Dragonlance: Fifth Age
- Genre: Role-playing games
- Publisher: TSR
- Publication date: 1996
- Media type: Boxed set

= Dragonlance: Fifth Age =

Tabletop fantasy role-playing game accessory

Dragonlance: Fifth Age is an accessory for the SAGA System, published in 1996. It uses the setting of Dragonlance, which originally was used in the Advanced Dungeons & Dragons fantasy role-playing game.

==Contents==
Dragonlance: Fifth Age is a diceless role-playing game, where players use cards instead of dice for character creation, determining whether characters succeed in their actions, and resolving encounters in combat. Each player holds a hand of cards with values on them from 1 at the lowest to 10 at the highest, with the size of a player's hand determined by how many adventures completed by that player's character. Any time a character needs to make a skill test or a combat chance resolved, the player plays a card and adds the value of the card to the appropriate attribute number; the character succeeds if the total is higher than the value determined by the gamemaster. The importance of the dramatic roles of characters in the Dragonlance saga is emphasized throughout the manual, and assumes that mundane actions such as purchasing standard gear are not necessary to role-play. The game features an open spell system rather than a set list of spells, where players describes what their heroes want to do using the magical abilities open to them, and the gamemaster decides how successful the hero is.

Dragonlance: Fifth Age was published in a boxed set, which contained three books, a deck of cards, a map of Krynn, a two-panel quick reference card, and eighteen character cards. The books were The Book of the Fifth Age, Dusk or Dawn, and Heroes of the New Age. The Fate deck was made up of eighty two cards in nine suits, with eight suits consisting of nine cards and the last one having ten.

===Setting===
This set takes place 30 years following the second Cataclysm of Krynn, with the old gods having abandoned Krynn after the destruction caused by Chaos. The game is based in the era known as the Fifth Age of Krynn, or the Age of Mortals. Dragon Overlords have taken over most of Ansalon, and killed the other dragons to take their lifeforce. Although the Dragon Lords remain in Ansalon, humans are now the dominant force. The old magic of the world is now gone, and creatures including the good dragons, silvanesti elves, and kender live in fear. The world is in chaos, as rival factions seek power while the Dragons desperately try to regain their control.

===Adventure===
The 48-page "Heroes of a New Age" booklet contains a sample adventure scenario intended for beginning heroes, who must defend against an attack by a green dragon, and explore their way through dwarven caverns to recover a valuable stolen gem.

===Development===
Dragonlance: Fifth Age was developed because TSR was looking to sell a non-Dungeons & Dragons type game.

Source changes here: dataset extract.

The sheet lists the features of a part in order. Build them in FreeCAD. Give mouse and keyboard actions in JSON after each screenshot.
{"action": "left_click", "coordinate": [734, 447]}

Sue Weinlein Cook liked the idea of a more story based game.

==Publication history==
Dragonlance: Fifth Age was published as a boxed set and released in 1996. Dragonlance: Fifth Age was written by William W. Connors and Sue Weinlein Cook. The set included three booklets (128 pages, 96 pages, and 48 pages), a deck of 82 Fate Cards, 18 character sheets depicting characters from the novels, and a map of Ansalon where the game takes place.

Dragonlance: Fifth Age was in planning before Dragons of Summer Flame was out.

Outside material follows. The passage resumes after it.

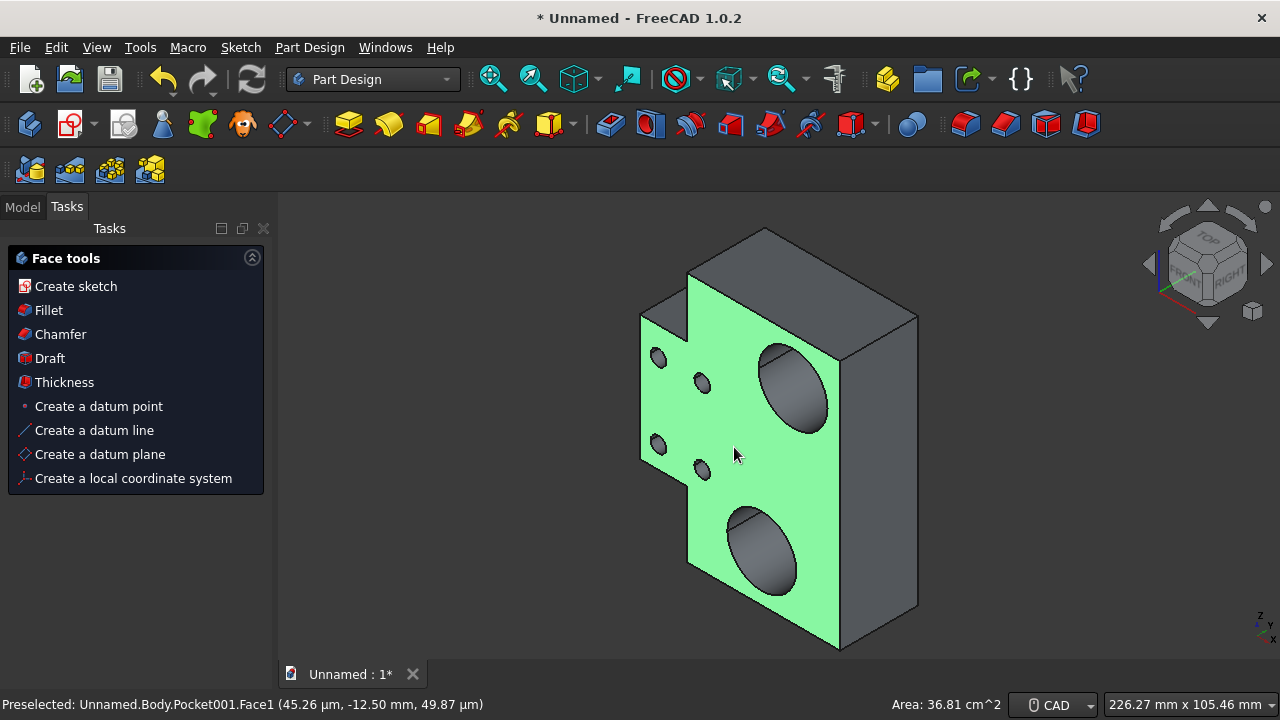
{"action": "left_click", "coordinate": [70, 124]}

Heroes of Steel is the first boxed expansion for the Dragonlance: Fifth Age campaign world.

==Reception==
Paul Pettengale reviewed Dragonlance: Fifth Age for Arcane magazine, rating it an 8 out of 10 overall. He commented that "Dragonlance comes of age with the release of a game dedicated entirely to this heroic gameworld. And it's nothing like AD&D." He compares the Saga Rules System to AD&D: "Where AD&D is complex, verbose, highly detailed and rule-bound, the diceless Dragonlance system is flexible, quick and stresses the importance of playing heroic roles in the world of Kyrnn rather than replicating a quasi-reality and trouncing anything which is uglier than you are." He felt that using cards instead of dice "cuts out the randomness of dice throws, enabling the player to keep the high-point cards in his hand ready for when he really needs them." He explained that the changes in the setting make for "a turbulent, often bitter campaign world, but one in which the strong prevail" and noted that it is the players "who have enjoyed the novels who are most likely to revel in this game". He surmised that, despite the openness of things such as the spell system imply that an experienced referee is recommended to run this game, it is "a system that can be easily adapted by anyone - it gives you the freedom to get out of it exactly what you want, rather than pinning you down to a certain style of play". He concluded by saying: "Fifth Age is an able system, which stresses dynamic play, cuts out the randomness of dice throws, and which is set in a colourful campaign setting (with bags of novel-based background to draw on). It won't be to everyone's tastes, but I for one thought it was fun, fast and replicated the feel of what Dragonlance is all about."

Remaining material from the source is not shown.